It’s All About Ecosystems in the Internet of Things
INTERNET OF THINGS SOLUTIONS, as everyone knows, require a complex mix of sensors, gateways, software applications, and network connections. Less widely appreciated, however, is the equally complex mix of partners needed to bring all those components together and keep them operational.
“It takes a village with some of these solutions,” says Nicole Denil, general manager of global channel sales for the Internet of Things at Microsoft Corp. And not a small village at that, according to her colleague Rodney Clark, Microsoft’s vice president for IoT and mixed reality sales.
“Anywhere from five to 25 partners are needed and necessary to complete an end-to-end solution,” he says.
Indeed, to an even greater degree than usual in the world of technology, IoT solutions are a team effort requiring deep knowledge not just of hardware, software, and the cloud, but deployment, provisioning, orchestration, management, and more. The implications for IoT integrators are clear.
“Anywhere from five to 25 partners are needed and necessary to complete an end-to-end solution.”—RODNEY CLARK, VICE PRESIDENT, IOT AND MIXED REALITY SALES, MICROSOFT CORP.
“You’re going to need to partner with people,” says Jay McBain, who leads Forrester Research Inc.’s research and advisory practice for global channels, alliances, and partnerships.
Finding the right partners is no mean feat though.
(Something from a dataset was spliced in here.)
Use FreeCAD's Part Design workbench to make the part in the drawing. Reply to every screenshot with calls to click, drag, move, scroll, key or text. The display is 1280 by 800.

According to McBain, there are roughly 100,000 vendors in the IT industry at present. Thanks largely to the Internet of Things, that number will stand at 1 million a decade from now. Like the even larger constellation of IoT service providers surrounding them, McBain predicts, each of those companies will specialize in meeting specific needs for businesses of specific sizes in specific industries and specific locations.
Considering the Options
Channel pros will need help sifting through all those options, observes Sean Colby, a manager of IoT partner enablement at Tech Data Corp., of Clearwater, Fla. “You’ve got to have some kind of solutions aggregator to be able to complete these ecosystem-oriented kinds of business solutions,” he says. With their giant product catalogs and wide-ranging supplier relationships, Colby continues, distributors like Tech Data are ideal candidates for the job.
Such companies consistently urge would-be IoT integrators to be as specialized as IoT vendors are becoming. In IT generally, cultivating one narrow skill can be limiting, notes Rob Moyer, vice president for cloud, mobility, and IoT at SYNNEX Corp., of Fremont, Calif. In IoT, it’s the surest route to profitability.
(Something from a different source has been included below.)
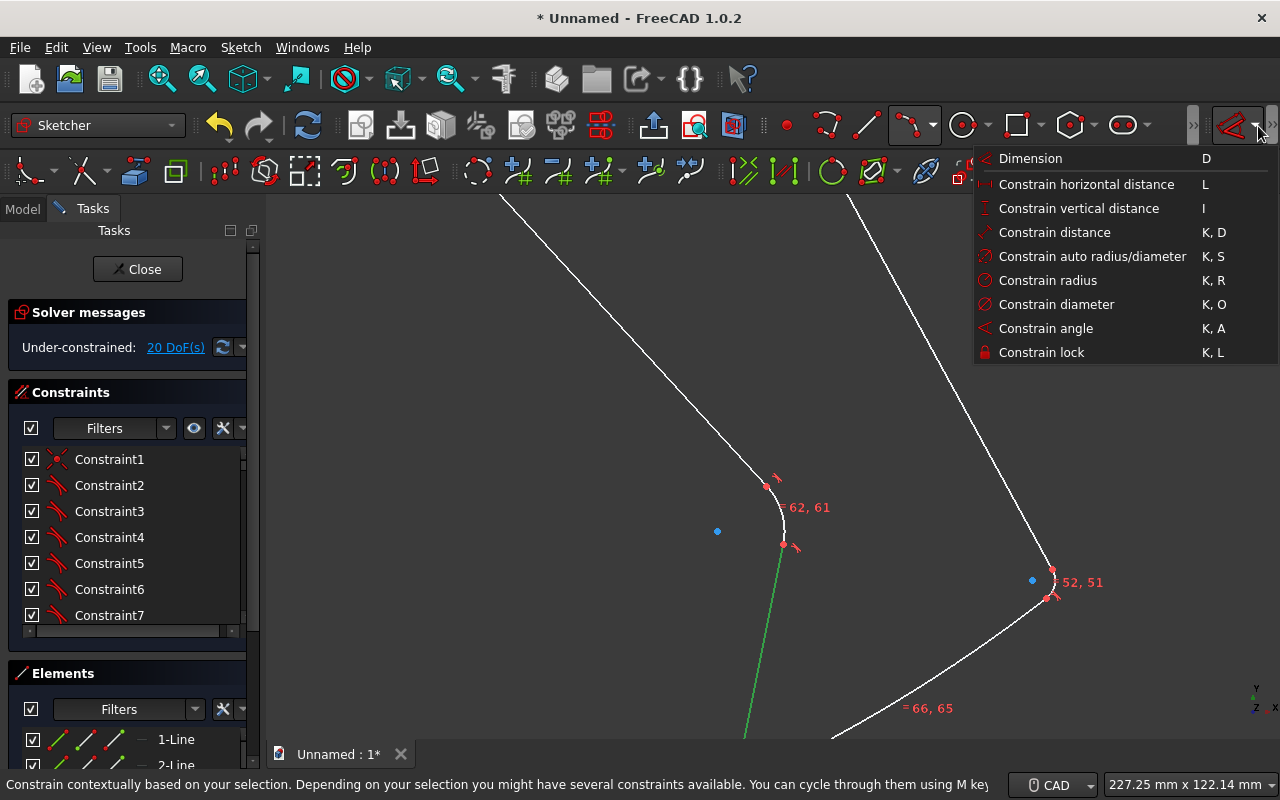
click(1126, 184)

“There’s a big business in just solving one or two problems,” Moyer says, adding that for proof one need only look at the report he gets every quarter of the distributor’s top 25 IoT partners. “I love that I can’t recognize half the names,” he says. “These are small partners that are finding niches and they’re putting up big numbers.”
Distributors can help in that process by making introductions for partners with complementary abilities, according to Colin Blair, Tech Data’s vice president of analytics and IoT solutions. “We’ve been able to create a really good pipeline for business going both ways,” he says.
The wide variety of skills required on IoT projects makes getting into the market easier, observes Blair, who counsels channel pros to build first on what they already know. “If they’re a networking specialist, then that gives them adjacencies into IoT gateways and the edge,” he says.
McBain agrees. “There are some ‘born in the cloud’ players that don’t do traditional IT services,” he notes. They can be fertile sources of sales leads for MSPs and VARs with experience managing IoT hardware.
Microsoft’s Clark advises newcomers to IoT to take a close look at their capabilities and identify their “superpower,” the core, targeted skill that they possess and that IoT solutions require. “Really understand from a partner perspective where you play in the value chain,” he says. Then start building relationships with hardware makers, software developers, and other ecosystem players. The possibilities are limitless.
“There are so many green fields right now,” McBain says. Find yourself just the right one and you’ll have a secure place in the IoT ecosystem for years to come.